Purpose: Prominent evidences have demonstrated that the healthcare delivery system falls short of care that is safe, effective, efficient, patient centred, timely, and equitable. Today when healthcare service has become a trade concept and with the insurance sector having entered the healthcare field, the society has become more aware of their rights to quality healthcare. The demanding trends have made it of utmost importance to identify ways to assure and provide quality and safe healthcare service.This could be done by healthcare leaders taking an initiative to implement a culture of Lean Six Sigma (Further referred as LSS) practices in their organizations. While LSS has been steadily revolutionizing a diverse range of industries, the approach is relatively new to the hospital industry and health care fraternity.
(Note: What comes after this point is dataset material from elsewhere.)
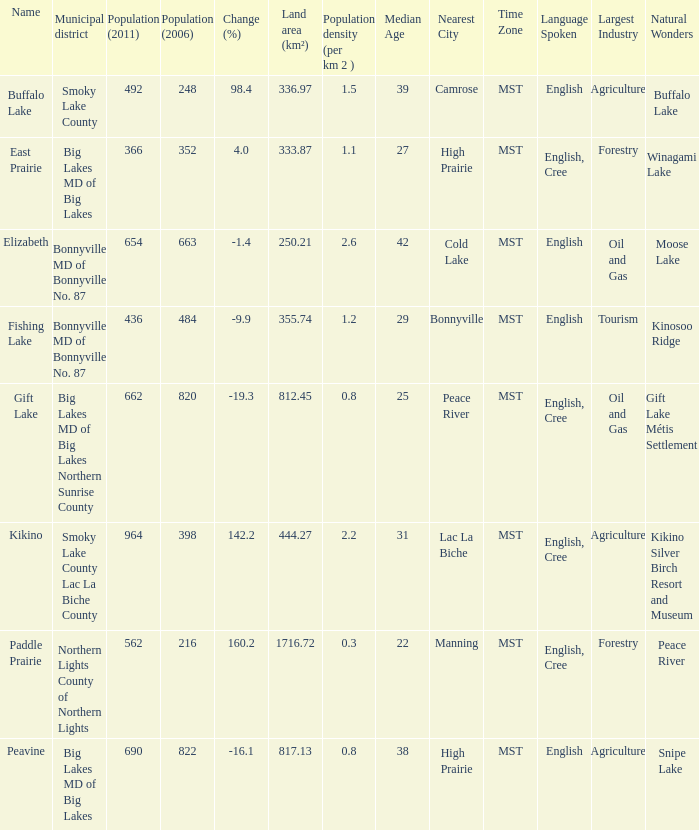What is the population per km2 in Fishing Lake? 1.2. 
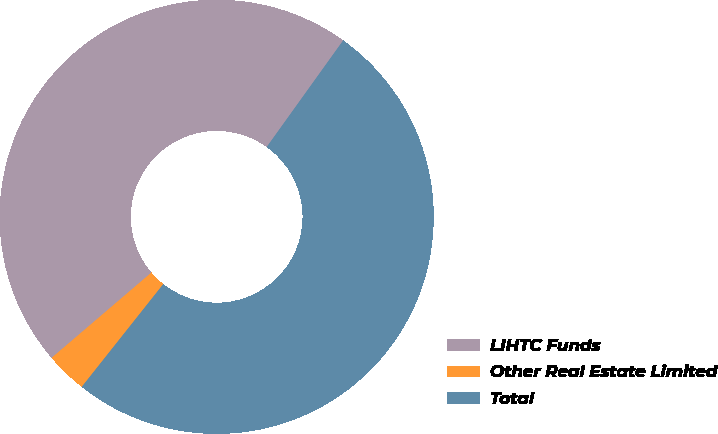Convert chart. <chart><loc_0><loc_0><loc_500><loc_500><pie_chart><fcel>LIHTC Funds<fcel>Other Real Estate Limited<fcel>Total<nl><fcel>46.16%<fcel>3.07%<fcel>50.77%<nl></chart>

A Secondary research was done to access case studies of LSS applications in healthcare, internationally; to analyze adaptive techniques utilized and the likely hospital / healthcare indicators that could be measured in a process under consideration for performance improvement (Further referred as PI) and its impact.
Methodology:33 case study results, (Further referred as CS) papers that were free to access on the internet; were accessed, to study LSS deployment in healthcare. The results were analyzed to identify adaptive techniques and hospital processes / indicators that are generally impacting successful outcomes in terms of PI.
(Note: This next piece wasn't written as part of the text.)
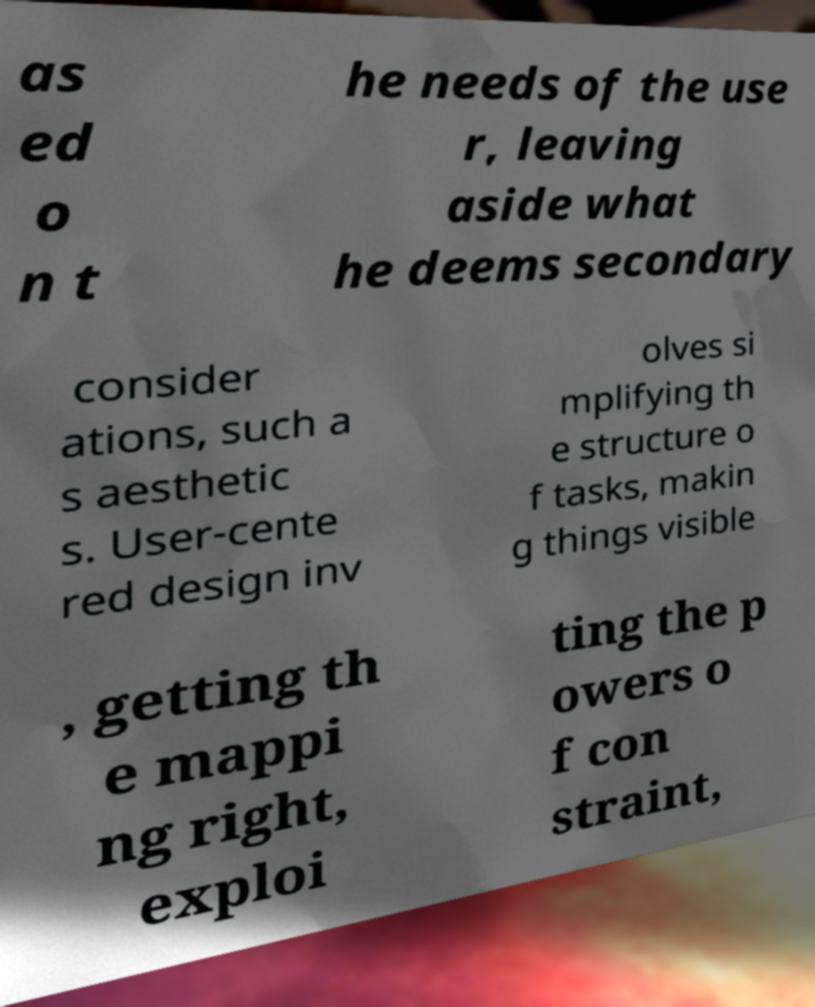For documentation purposes, I need the text within this image transcribed. Could you provide that? as ed o n t he needs of the use r, leaving aside what he deems secondary consider ations, such a s aesthetic s. User-cente red design inv olves si mplifying th e structure o f tasks, makin g things visible , getting th e mappi ng right, exploi ting the p owers o f con straint,

Findings: The secondary research not only provided evidential impact factors that were treated with LSS methodologies for a process improvement but also assisted in identifying significant healthcare / hospital management indicators to be considered as critical tangible measures relevant to is specific process under consideration
The Originality value: The secondary research study outcome added evidential value to the focused approach to identify appropriate LSS projects and also assisted in defining relevant healthcare indicators to be considered as critical to quality measures of the respective healthcare service process.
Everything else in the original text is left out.